È necessario individuare delle soluzioni concrete, che, al di là della pura sussistenza e dell’assistenza sanitaria, contemplino la soddisfazione dei bisogni tipici degli anziani autosufficienti e ne migliorino la qualità di vita: socialità, sostegno, interessi, privacy.

 

Cohousing: cos’è?

Negli ultimi anni, ad esempio, sono nate nuove forme di aggregazione che prendono nome di cohousing sociale.   Di che si tratta?

Per cohousing (la traduzione letterale suona coabitazione, ma è riduttivo) si intende un insieme di alloggi privati indipendenti che hanno degli spazi comuni – al chiuso o all’aperto – utilizzati da tutti gli inquilini: ad es. cucine, lavanderie, palestre, biblioteche, etc. Ciò consente tra l’altro economie sui costi, stimate fra il 20 ed il 30% rispetto all’alloggio tradizionale. È un’idea nata in Danimarca negli anni 60.

 

Il cohousing a Treviso

Per comprendere meglio il fenomeno, prendiamo ad esempio una coppia di coniugi di Treviso, Mirella e Giuseppe. Entrambi in pensione, hanno deciso di vendere la loro casa e di trasferirsi in un appartamento più piccolo all’interno di un palazzo di proprietà dell’ISRAA (Istituto Servizi di Ricovero e Assistenza agli Anziani), le cui unità sono pensate proprio per persone nella loro situazione.  Il progetto ISRAA, cofinanziato dall’UE, prevede appunto il recupero e l’ammodernamento di edifici da destinare a finalità sociali, in particolare per gli anziani.  

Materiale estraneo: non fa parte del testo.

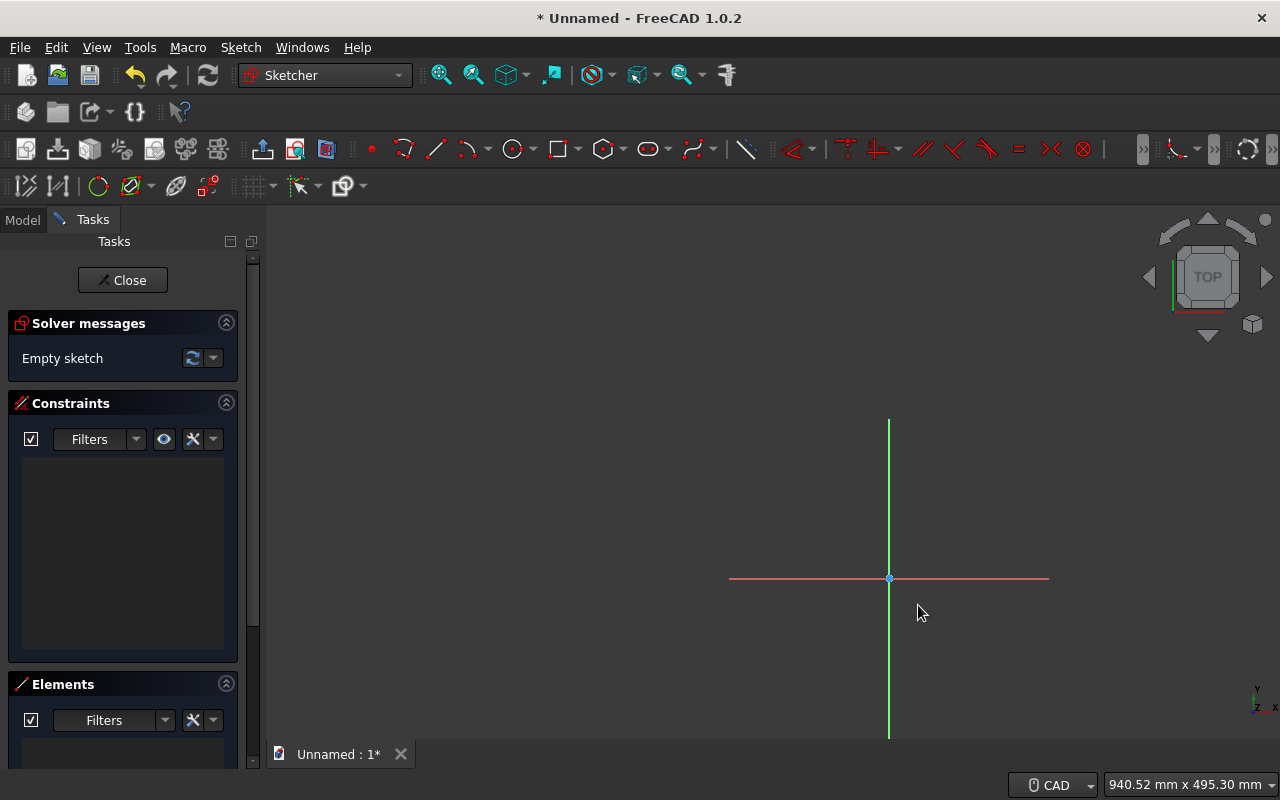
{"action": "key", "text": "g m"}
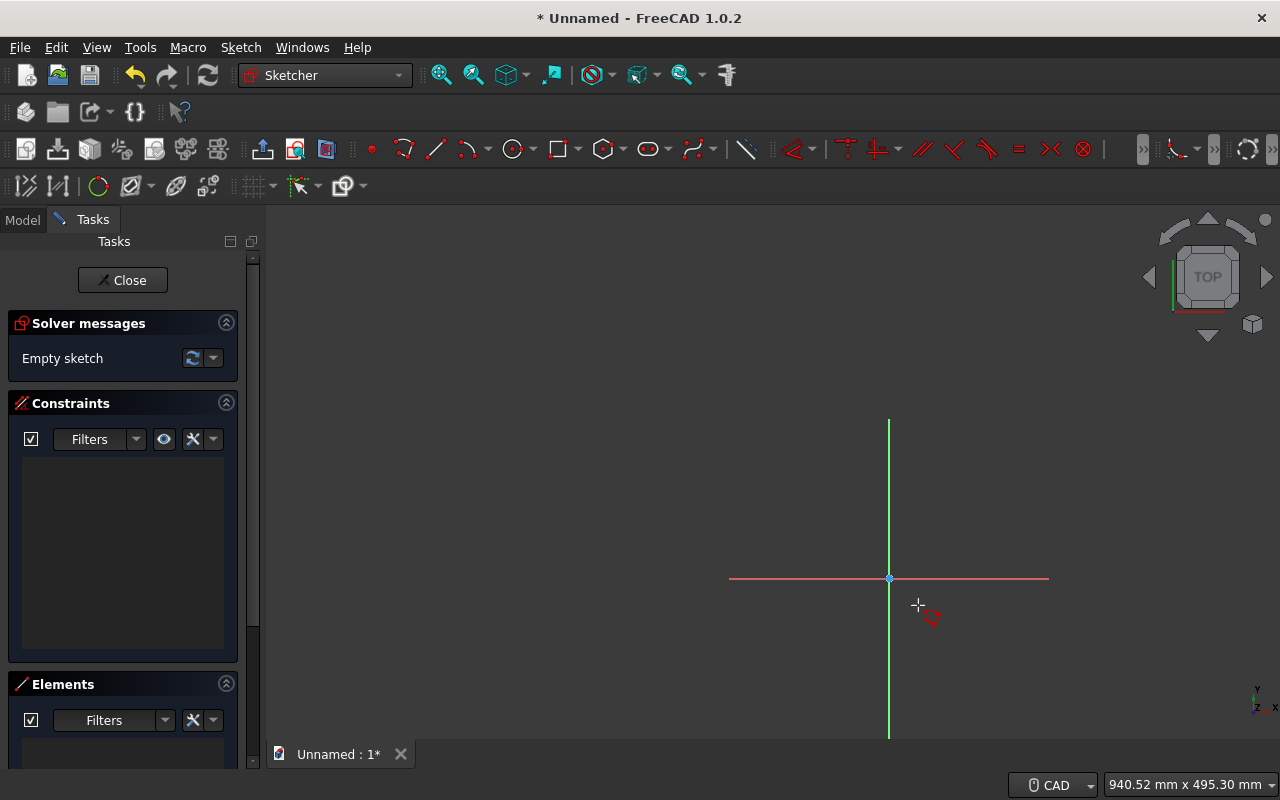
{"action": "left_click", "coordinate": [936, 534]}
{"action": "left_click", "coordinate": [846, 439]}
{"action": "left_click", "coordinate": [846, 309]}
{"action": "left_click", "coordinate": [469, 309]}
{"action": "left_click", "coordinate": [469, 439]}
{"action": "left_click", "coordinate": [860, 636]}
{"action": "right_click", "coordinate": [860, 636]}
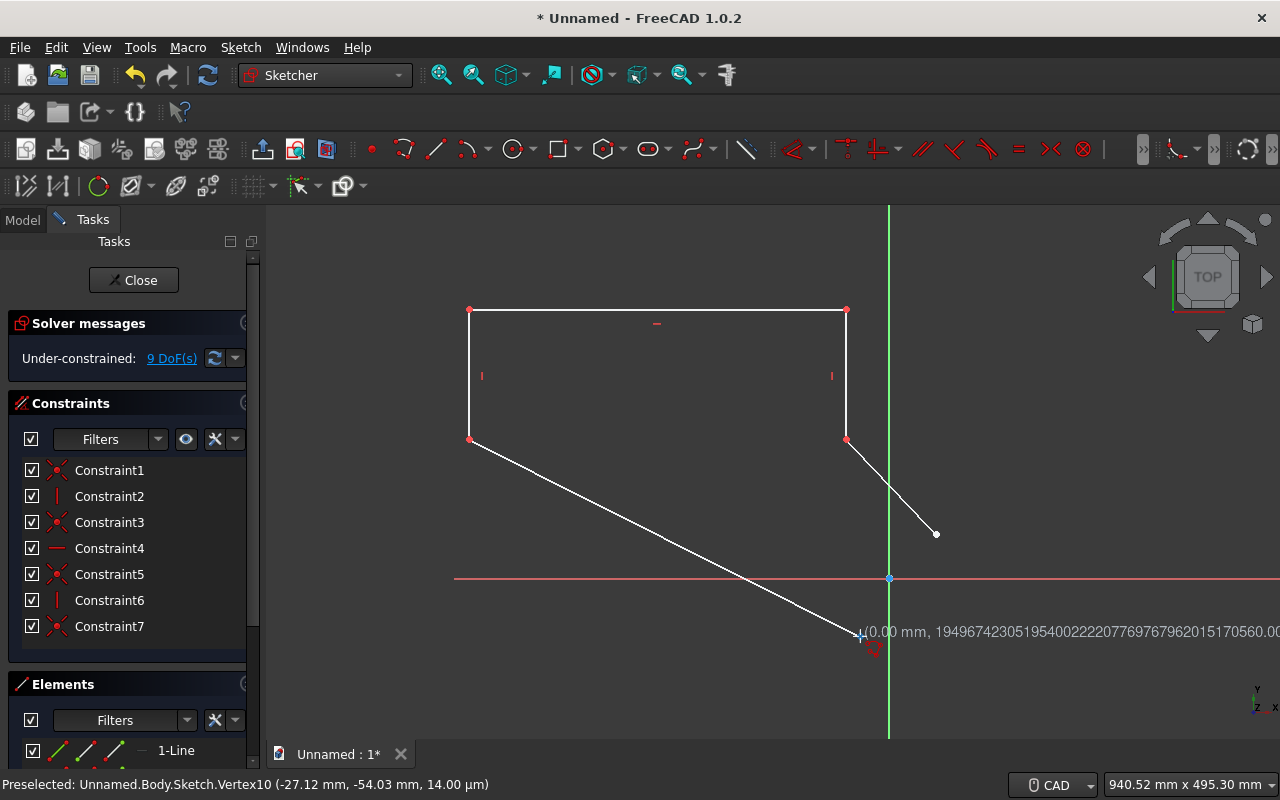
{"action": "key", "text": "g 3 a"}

Mirella e Giuseppe godono di buona salute, quindi possono occuparsi da sé della quotidianità e dedicarsi a letture e viaggi di piacere: fanno parte della fascia d’età fra i 75 e gli 85 anni, sono lucidi ed autonomi, non hanno bisogno di particolari cure mediche.

In cambio dell’affitto dei locali già arredati, l’ISRAA si occupa per loro conto del pagamento delle bollette, della manutenzione e dei servizi ordinari (es. lavanderia), nonchè dell’assistenza medica leggera. 

Interessante l’aspetto sociale: gli inquilini entranti sottoscrivono l’impegno a partecipare a determinate attività collettive, per “favorire il senso di appartenenza alla comunità” e “dare valore al vicinato”. Ciò costituisce un efficace stimolo ad aprirsi e mantenere relazioni con i nuovi coinquilini, evitando di cadere nell’isolamento fisico e psicologico. ISRAA rappresenta un esempio di successo grazie all’idea centrale del progetto: investire su persone autonome, ma che, senza il cohousing, potrebbero finire presto per sviluppare malattie croniche o condizioni di vita solitaria, cosa che, purtroppo, avviene spesso per molte persone non autosufficienti che vivono in Case di Riposo.

 

Senior Cohousing: un nuovo modo di abitare

Il cohousing per anziani (chiamato anche senior cohousing) è in crescita ovunque, all’estero come in Italia: nel nostro paese il design degli alloggi si va standardizzando, e uno studio Nomisma prevede un grande sviluppo di questa nicchia del mercato immobiliare, a dimostrazione del fatto che costituisce una specifica soluzione abitativa rispondente a reali necessità sociali: se ne trovano esempi ormai in molte regioni, dalla Val d’Aosta alla Campania.

 

Si sono infatti già costituite molte comunità di vicinato solidale, il che consente agli anziani residenti di mantenere la propria vita privata, condividendo allo stesso tempo con gli altri inquilini taluni spazi e attività quotidiane. Insomma, un abitare collaborativo basato su condivisione e solidarietà, che si è mostrato efficace per combattere la solitudine ed evitare l’esclusione sociale di persone della terza età, mantenendone elevato più a lungo il coinvolgimento emotivo.